Presents a GUI to configure and package TESP cases

Public Functions:

show_tesp_config:

Initializes and runs the GUI

References

Graphical User Interfaces with Tk

class tesp_support.original.tesp_config.TespConfigGUI(master)

Bases: object

Manages a seven-page GUI for case configuration

The GUI opens and saves a JSON file in the format used by tesp.tesp_config

Todo

• Possible data loss if the user updated the number of Monte Carlo cases, but didn’t click the Update button before saving the case configuration.

nb

the top-level GUI with tabbed pages

Type:

Notebook

f1

the page for date/time setup, along with T&D files, weather files and file paths

Type:

Frame

f2

the page for feeder generator setup

Type:

Frame

f3

the page for PYPOWER setup

Type:

Frame

f4

the page for EnergyPlus setup

Type:

Frame

f5

the page for simple_auction and hvac agent setup

Type:

Frame

f6

the page for time-scheduled thermostat settings

Type:

Frame

f7

the page for Monte Carlo setup

Type:

Frame

AttachFrame(tag, vars)

Creates a GUI page and loads it with data

Label, Combobox and Entry (i.e. edit) controls are automatically created for each row of data

Parameters:

• tag (str) – the name of the Frame, i.e., GUI page

• vars (dict) – the section of case configuration data to be loaded onto this new GUI page

InitializeMonteCarlo(n)

Makes default variable choices and then initializes the Monte Carlo GUI page

Parameters:

n (int) – the number of Monte Carlo shots

JsonToSection(jsn, vars)

Helper function that transfers a JSON file segment into GUI data structures

Parameters:

• jsn (dict) – the loaded JSON file

• vars (dict) – the local data structure

OpenConfig()

Opens a JSON case configuration; transfers its data to the GUI

ReadFrame(f, vars)

Helper function that reads values from gridded GUI controls into the local case configuration

Parameters:

• f (Frame) – the GUI page to read

• vars (dict) – the local data structure to update

ReadLatLong()

Updates the Latitude and Longitude from TMY3 file

ReloadFrame(f, vars)

Helper function to recreate the GUI page controls and load them with values

Parameters:

• f (Frame) – the GUI page to reload

• vars (dict) – the section of case configuration with values to be loaded

SaveConfig()

Updates the local case configuration from the GUI, queries user for a file name, and then saves case configuration to that file

SizeMonteCarlo(n)

Initializes the Monte Carlo data structures with variable choices and samples

Parameters:

n (int) – the number of Monte Carlo shots

SizeMonteCarloFrame(f)

Update the Monte Carlo page to match the number of shots and variables

Parameters:

f (Frame) – the Monte Carlo GUI page

UpdateEMS(event)

UpdateMonteCarloFrame()

Transfer data from the Monte Carlo page into the case configuration

mcBand(var)

Find the band size corresponding to each Monte Carlo variable choice

Parameters:

var (str) – one of ElectricCoolingParticipation, ThermostatRampMid, ThermostatOffsetLimitMid, WeekdayEveningStartMid or WeekdayEveningSetMid

mcSample(var)

Return an appropriate random value for each Monte Carlo variable choice

Parameters:

var (str) – one of ElectricCoolingParticipation, ThermostatRampMid, ThermostatOffsetLimitMid, WeekdayEveningStartMid or WeekdayEveningSetMid

update_entry(ctl, val)

tesp_support.original.tesp_config.show_tesp_config()

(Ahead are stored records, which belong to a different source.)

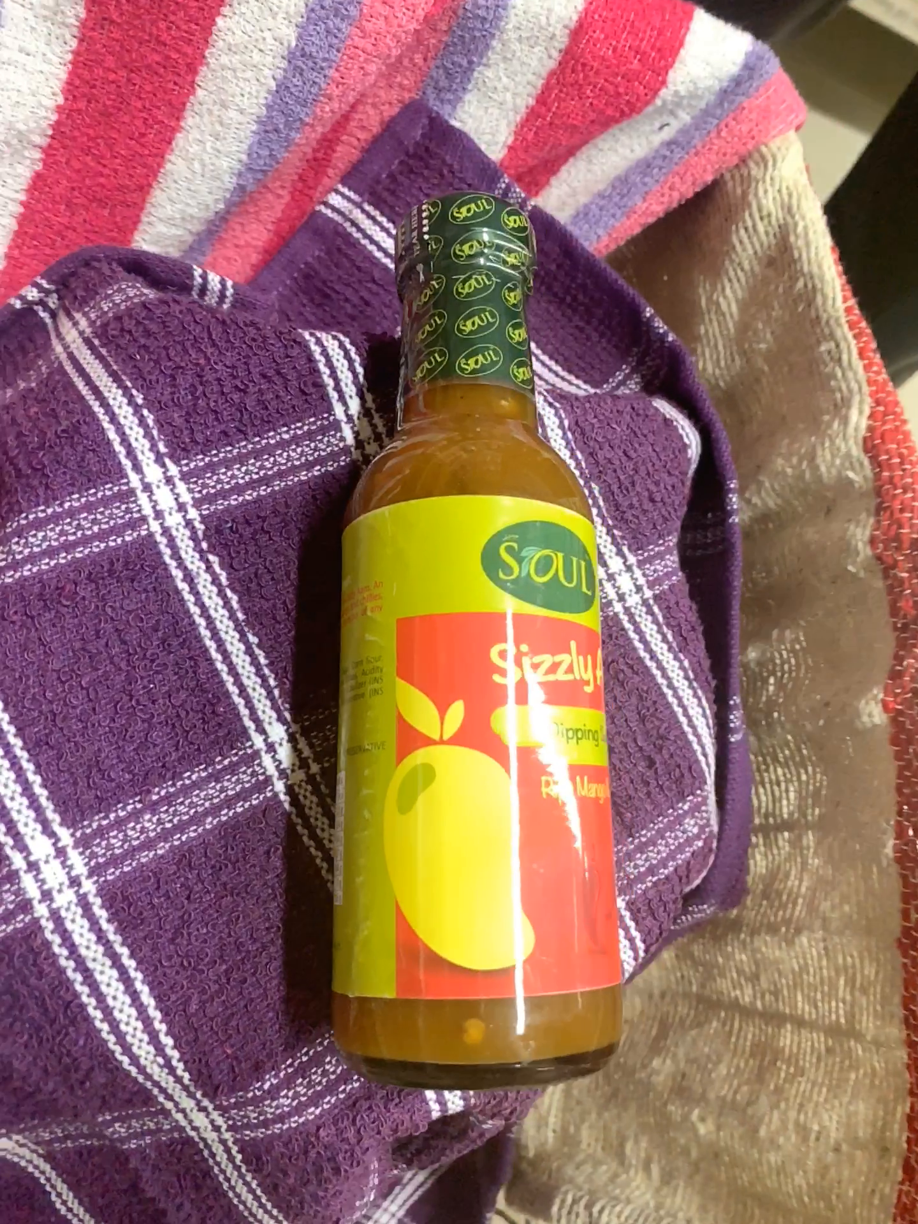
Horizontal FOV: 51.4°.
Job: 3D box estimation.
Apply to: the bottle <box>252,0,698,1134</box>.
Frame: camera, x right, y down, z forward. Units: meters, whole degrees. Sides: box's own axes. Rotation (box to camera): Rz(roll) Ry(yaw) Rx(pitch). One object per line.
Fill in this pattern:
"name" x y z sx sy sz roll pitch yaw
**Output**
"bottle" -0.002 -0.014 0.196 0.060 0.060 0.200 6 73 -23
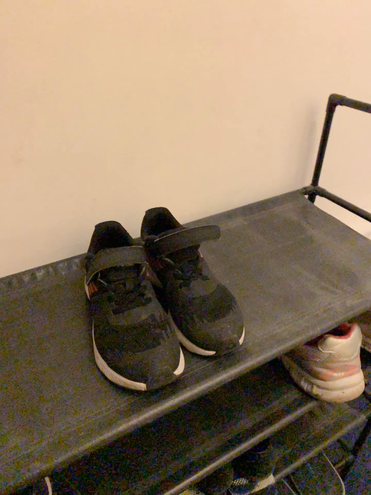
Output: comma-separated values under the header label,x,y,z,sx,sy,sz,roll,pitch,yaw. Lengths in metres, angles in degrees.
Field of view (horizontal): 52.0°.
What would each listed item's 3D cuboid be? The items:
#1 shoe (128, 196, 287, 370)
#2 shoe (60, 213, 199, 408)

Runs the GUI. Reads and writes JSON case configuration files.

tesp_support.original.tesp_monitor module

Presents a GUI to launch a TESP simulation and monitor its progress

Public Functions:

show_tesp_monitor:

Initializes and runs the monitor GUI

References

Graphical User Interfaces with Tk

Matplotlib Animation

class tesp_support.original.tesp_monitor.TespMonitorGUI(master, HELICS=True)

Bases: object

Manages a GUI with 4 plotted variables, and buttons to stop TESP

The GUI reads a JSON file with scripted shell commands to launch other HELICS/FNCS federates, and a YAML file with HELICS/FNCS subscriptions to update the solution status. Both JSON and YAML files are written by tesp.tesp_config The plotted variables provide a sign-of-life and sign-of-stability indication for each of the major federates in the te30 or sgip1 examples, namely GridLAB-D, PYPOWER, EnergyPlus, and the substation_loop that manages a simple_auction with multiple hvac agents. If a solution appears to be unstable or must be stopped for any other reason, exiting the solution monitor will do so.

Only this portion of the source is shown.